New York Mets at Miami Marlins: Final Score & Recap
Line Score
| Team | 1 | 2 | 3 | 4 | 5 | 6 | 7 | 8 | 9 | R | H | E |
|---|---|---|---|---|---|---|---|---|---|---|---|---|
| NYM | 0 | 0 | 0 | 0 | 0 | 0 | 0 | 0 | 1 | 1 | 3 | 0 |
| MIA | 0 | 2 | 1 | 0 | 1 | 0 | 0 | 0 | - | 4 | 8 | 1 |
The Story
The Miami Marlins defeated the New York Mets 4-1 on May 23, 2026, at loanDepot park, with the DiamondIQ model's estimate of a Marlins win climbing from 57% before first pitch to a certainty by the final out. Miami did its damage early and often against Mets starter Freddy Peralta, building a lead that the Mets never seriously threatened. New York finished with just three hits and scored its lone run in the top of the ninth, long after the game had been decided.
The pivotal sequence came in the second and third innings, where the Marlins constructed their winning margin almost entirely at Peralta's expense.

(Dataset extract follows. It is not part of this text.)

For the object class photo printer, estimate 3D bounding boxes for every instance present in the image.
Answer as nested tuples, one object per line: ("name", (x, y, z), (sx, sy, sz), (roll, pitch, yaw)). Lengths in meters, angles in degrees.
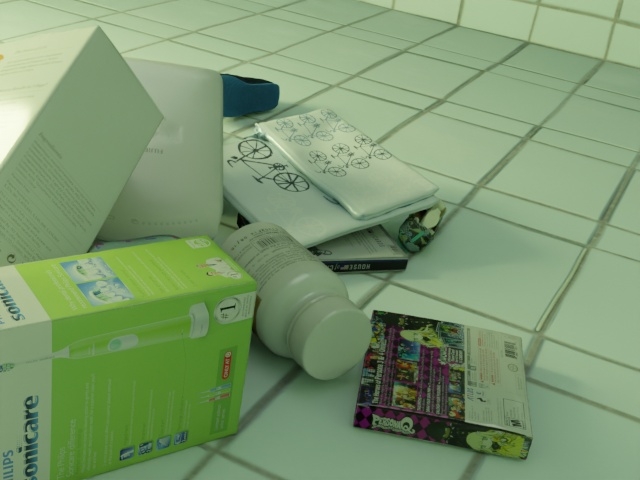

Owen Caissie's double in the bottom of the second shifted win probability 9.4 points in Miami's favor, and Connor Norby followed with a single that added another 3.4 points, framing a two-run frame. Liam Hicks then delivered the knockout blow an inning later, hitting a home run off Peralta that swung win probability an additional 8.3 points toward the Marlins. Hicks went back to work in the fifth with another solo home run off Peralta, adding 5.5 more points to Miami's probability edge. Carson Benge's strikeout against Max Meyer in the top of the third represented the Mets' most damaging at-bat, costing New York 3.1 points of win probability at a moment when a rally might have mattered.
Hicks finished as the game's most impactful offensive player, accounting for plus-13.5 win probability points and a RE24 of plus-1.6, while Caissie contributed plus-8.3 win probability points and plus-1.0 RE24. On the mound, Max Meyer was the story, posting a plus-22.1 win probability contribution that anchored the Marlins' pitching effort and rendered the Mets' lineup largely irrelevant after the early innings.